Code: deep_control.grac
Examples: examples/dmc/grac.py
Other References: author's implementation
Paper: Randomized Ensemble Double Q-Learning: Learning Fast Without a Model
Description: Extends the double Q trick to random subsets of a larger critic ensemble. Reduced Q function bias allows for a much higher replay ratio. REDQ is sample efficient but slow (compared to other model-free methods). We implement the SAC version.
Code: deep_control.redq
Examples: examples/dmc/redq.py
Paper: DisCor: Corrective Feedback in Reinforcement Learning via Distribution Correction, Kumar et al., 2020.
Description: Reduce the effect of inaccurate target values propagating through the Q-function by learning to estimate the target networks' inaccuracies and adjusting the TD error accordingly. Implemented on top of standard SAC.
Code: deep_control.discor
Examples: examples/dmc/discor.py
Paper: SUNRISE: A Simple Unified Framework for Ensemble Learning in Deep Reinforcement Learning, Lee et al., 2020.
Description: Extends SAC using an ensemble of actors and critics. Adds UCB-based exploration, ensembled inference, and a simpler weighted bellman backup. This version does not use the replay buffer masks from the original.
Code: deep_control.sunrise
Examples: examples/dmc/sunrise.py
Description: A simple approach to offline RL that trains the actor network to emulate the action choices of the demonstration dataset. Uses the stochastic actor from SAC and some basic ensembling to make this a reasonable baseline.
Code: deep_control.sbc
Examples: examples/d4rl/sbc.py
Paper: Accelerating Online Reinforcement Learning with Offline Datasets, Nair et al., 2020. & Critic Regularized Regression, Wang et al., 2020.

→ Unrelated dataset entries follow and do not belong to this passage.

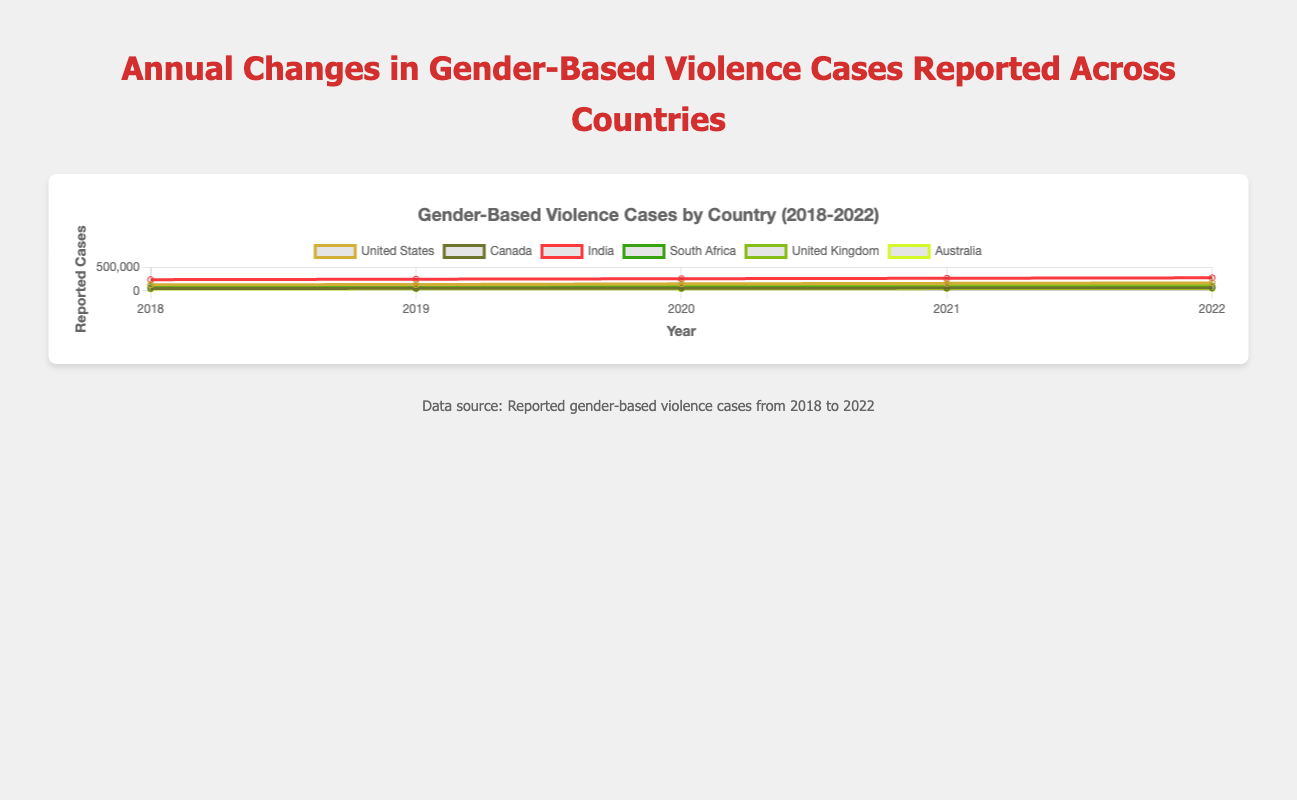What is the overall trend in gender-based violence cases in the United States from 2018 to 2022? The line representing the United States shows a steady increase in reported cases each year from 130,000 in 2018 to 170,000 in 2022.
Answer: Increasing Which country had the highest reported number of gender-based violence cases in 2022? Comparing the data points for each country in 2022 shows that India had the highest number of reported cases with 280,000.
Answer: India How did the reported cases in Canada change from 2019 to 2020? For Canada, the reported cases in 2019 were 53,000, and in 2020 they were 56,000. The difference is obtained by subtracting 53,000 from 56,000, resulting in an increase of 3,000 cases.
Answer: Increased by 3,000 Which country experienced the smallest increase in reported cases from 2018 to 2022? To find this, calculate the difference in reported cases for each country between 2018 and 2022: 
- United States: 170,000 - 130,000 = 40,000
- Canada: 60,000 - 50,000 = 10,000
- India: 280,000 - 240,000 = 40,000
- South Africa: 68,000 - 60,000 = 8,000
- United Kingdom: 103,000 - 95,000 = 8,000
- Australia: 49,000 - 40,000 = 9,000
South Africa and the United Kingdom both had the smallest increase with 8,000 cases.
Answer: South Africa and United Kingdom What is the average number of reported cases across all countries in 2020? Sum up the reported cases for each country in 2020 and divide by the number of countries:
(150,000 + 56,000 + 260,000 + 64,000 + 99,000 + 45,000) / 6 = 674,000 / 6 ≈ 112,333
Answer: 112,333 Which country saw the greatest percentage increase in reported cases from 2018 to 2022? Calculate the percentage increase for each country using the formula: (2022 cases - 2018 cases) / 2018 cases * 100
- United States: (170,000 - 130,000) / 130,000 * 100 ≈ 30.77%
- Canada: (60,000 - 50,000) / 50,000 * 100 = 20%
- India: (280,000 - 240,000) / 240,000 * 100 ≈ 16.67%
- South Africa: (68,000 - 60,000) / 60,000 * 100 ≈ 13.33%
- United Kingdom: (103,000 - 95,000) / 95,000 * 100 ≈ 8.42%
- Australia: (49,000 - 40,000) / 40,000 * 100 ≈ 22.5%
The United States saw the greatest percentage increase at approximately 30.77%.
Answer: United States Between which two consecutive years did Australia see the largest increase in reported cases? Checking the differences year by year:
- 2019-2018: 42,000 - 40,000 = 2,000
- 2020-2019: 45,000 - 42,000 = 3,000
- 2021-2020: 47,000 - 45,000 = 2,000
- 2022-2021: 49,000 - 47,000 = 2,000
The largest increase of 3,000 cases occurred between 2019 and 2020.
Answer: 2019 to 2020 
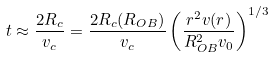Convert formula to latex. <formula><loc_0><loc_0><loc_500><loc_500>t \approx \frac { 2 R _ { c } } { v _ { c } } = \frac { 2 R _ { c } ( R _ { O B } ) } { v _ { c } } \left ( \frac { r ^ { 2 } v ( r ) } { R _ { O B } ^ { 2 } v _ { 0 } } \right ) ^ { 1 / 3 }</formula> 
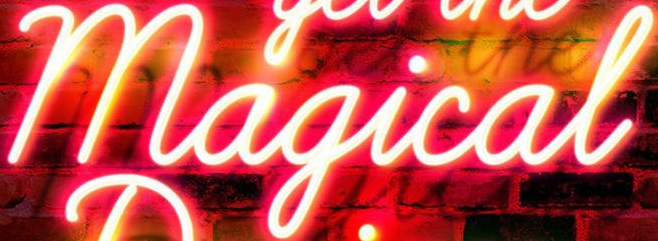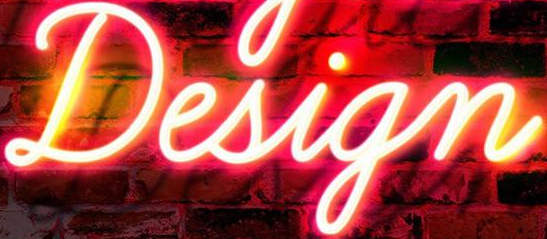Identify the words shown in these images in order, separated by a semicolon. Magical; Design 
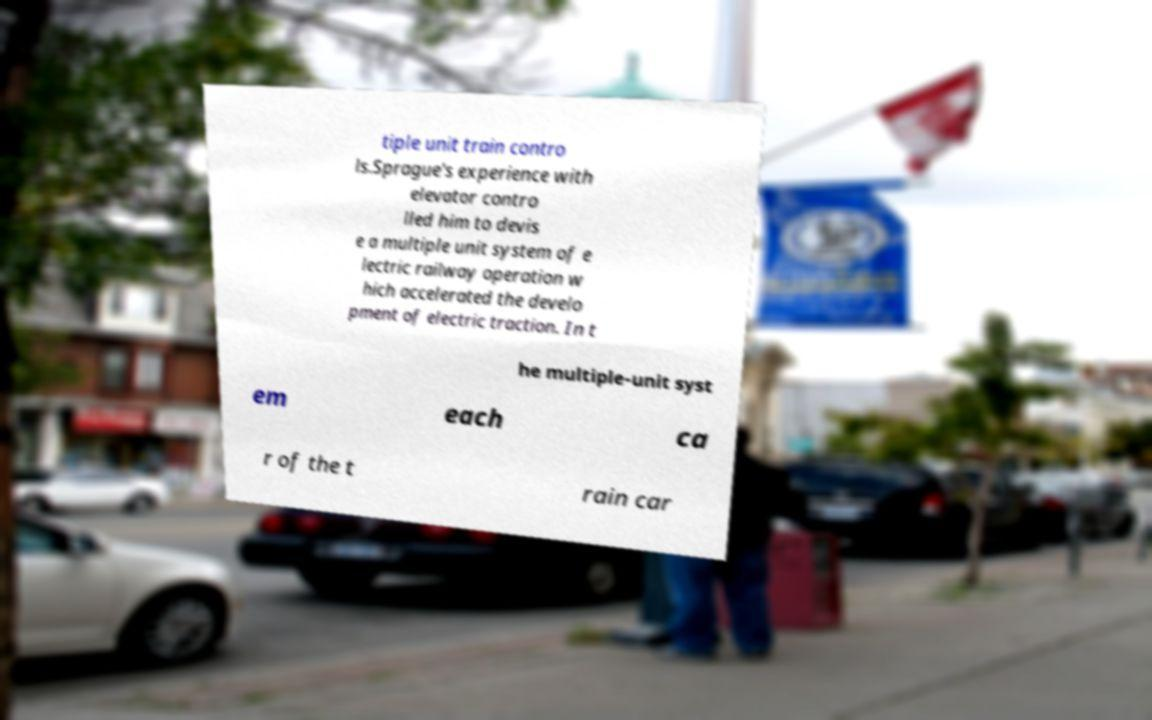Can you accurately transcribe the text from the provided image for me? tiple unit train contro ls.Sprague's experience with elevator contro lled him to devis e a multiple unit system of e lectric railway operation w hich accelerated the develo pment of electric traction. In t he multiple-unit syst em each ca r of the t rain car 
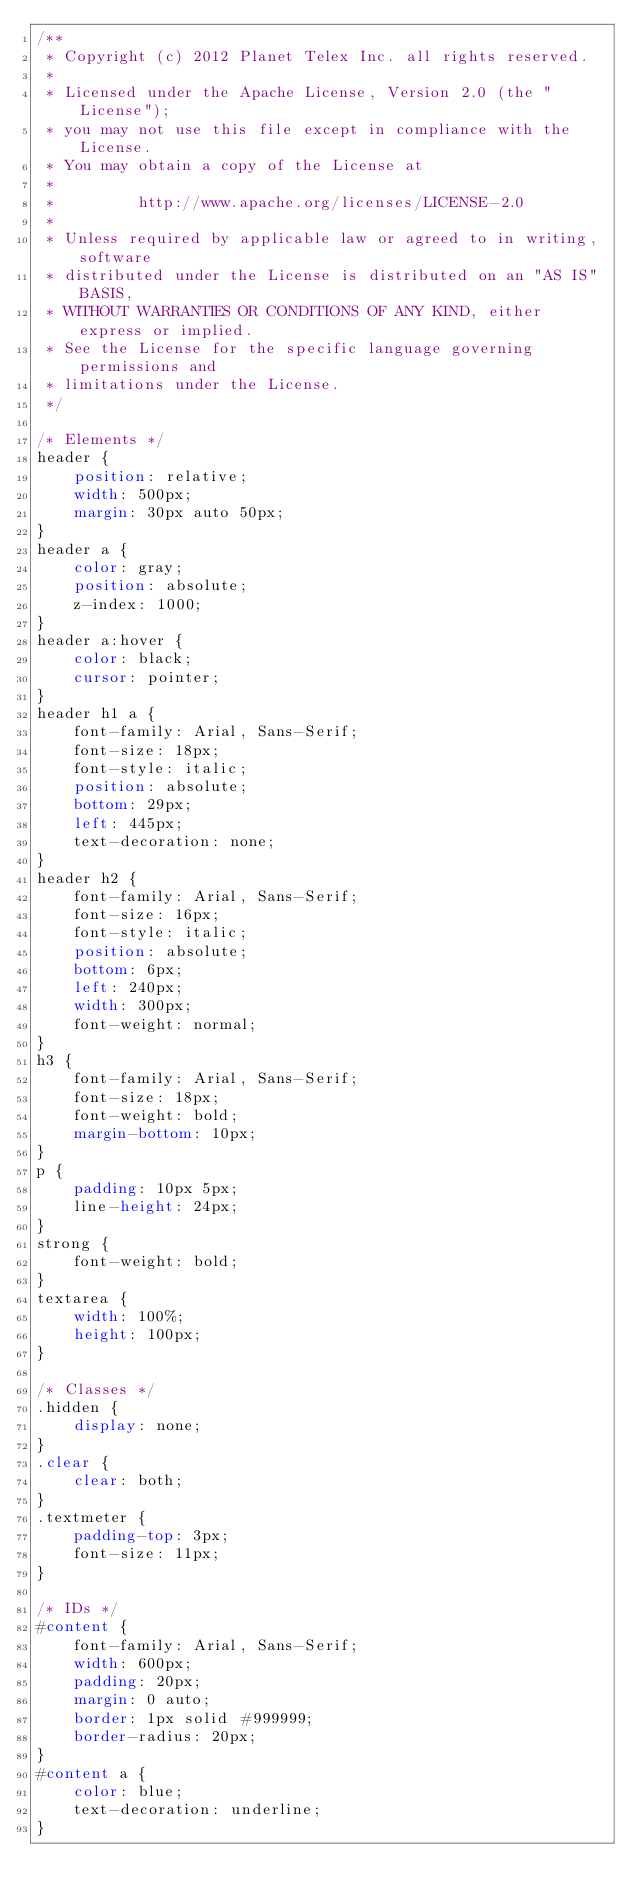Convert code to text. <code><loc_0><loc_0><loc_500><loc_500><_CSS_>/**
 * Copyright (c) 2012 Planet Telex Inc. all rights reserved.
 *
 * Licensed under the Apache License, Version 2.0 (the "License");
 * you may not use this file except in compliance with the License.
 * You may obtain a copy of the License at
 *
 *         http://www.apache.org/licenses/LICENSE-2.0
 *
 * Unless required by applicable law or agreed to in writing, software
 * distributed under the License is distributed on an "AS IS" BASIS,
 * WITHOUT WARRANTIES OR CONDITIONS OF ANY KIND, either express or implied.
 * See the License for the specific language governing permissions and
 * limitations under the License.
 */

/* Elements */
header {
    position: relative;
    width: 500px;
    margin: 30px auto 50px;
}
header a {
    color: gray;
    position: absolute;
    z-index: 1000;
}
header a:hover {
    color: black;
    cursor: pointer;
}
header h1 a {
    font-family: Arial, Sans-Serif;
    font-size: 18px;
    font-style: italic;
    position: absolute;
    bottom: 29px;
    left: 445px;
    text-decoration: none;
}
header h2 {
    font-family: Arial, Sans-Serif;
    font-size: 16px;
    font-style: italic;
    position: absolute;
    bottom: 6px;
    left: 240px;
    width: 300px;
    font-weight: normal;
}
h3 {
    font-family: Arial, Sans-Serif;
    font-size: 18px;
    font-weight: bold;
    margin-bottom: 10px;
}
p {
    padding: 10px 5px;
    line-height: 24px;
}
strong {
    font-weight: bold;
}
textarea {
    width: 100%;
    height: 100px;
}

/* Classes */
.hidden {
    display: none;
}
.clear {
    clear: both;
}
.textmeter {
    padding-top: 3px;
    font-size: 11px;
}

/* IDs */
#content {
    font-family: Arial, Sans-Serif;
    width: 600px;
    padding: 20px;
    margin: 0 auto;
    border: 1px solid #999999;
    border-radius: 20px;
}
#content a {
    color: blue;
    text-decoration: underline;
}</code> 
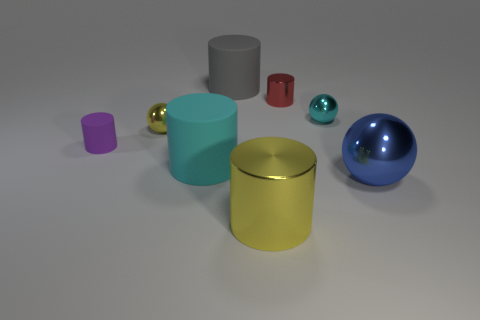Subtract all small balls. How many balls are left? 1 Add 1 tiny purple rubber cylinders. How many objects exist? 9 Subtract all blue balls. How many balls are left? 2 Subtract all cylinders. How many objects are left? 3 Subtract 3 cylinders. How many cylinders are left? 2 Add 1 large matte things. How many large matte things are left? 3 Add 2 yellow shiny cylinders. How many yellow shiny cylinders exist? 3 Subtract 0 red balls. How many objects are left? 8 Subtract all brown cylinders. Subtract all purple spheres. How many cylinders are left? 5 Subtract all cyan balls. How many gray cylinders are left? 1

Description: TD3 with a stochastic policy and a modified actor update that makes better use of offline experience before finetuning in the online environment. The current implementation is a mix between AWAC and CRR. We allow for online finetuning and use standard critic networks as in AWAC, but add the binary advantage function, and max/mean advantage estimates from CRR. The actor_per
experience prioritization trick is discussed in A Closer Look at Advantage-Filtered Behavioral Cloning
in High-Noise Datasets, Grigsby and Qi, 2021.
Code: deep_control.awac
Examples: examples/d4rl/awac.py
Paper: Towards Automatic Actor-Critic Solutions to Continuous Control, Grigsby et al., 2021
Description: AAC uses a genetic algorithm to automatically tune the hyperparameters of SAC. A population of SAC agents is trained in parallel with a shared relay buffer and several design decisions that reduce hyperparameter sensitivity while (mostly) preserving sample efficiency. Please refer to the paper for more details. This is the official author implementation.
Code: deep_control.aac
git clone https://github.com/jakegrigsby/deep_control.git
cd deep_control
pip install -e .
see the examples
folder for a look at how to train agents in environments like the DeepMind Control Suite and OpenAI Gym.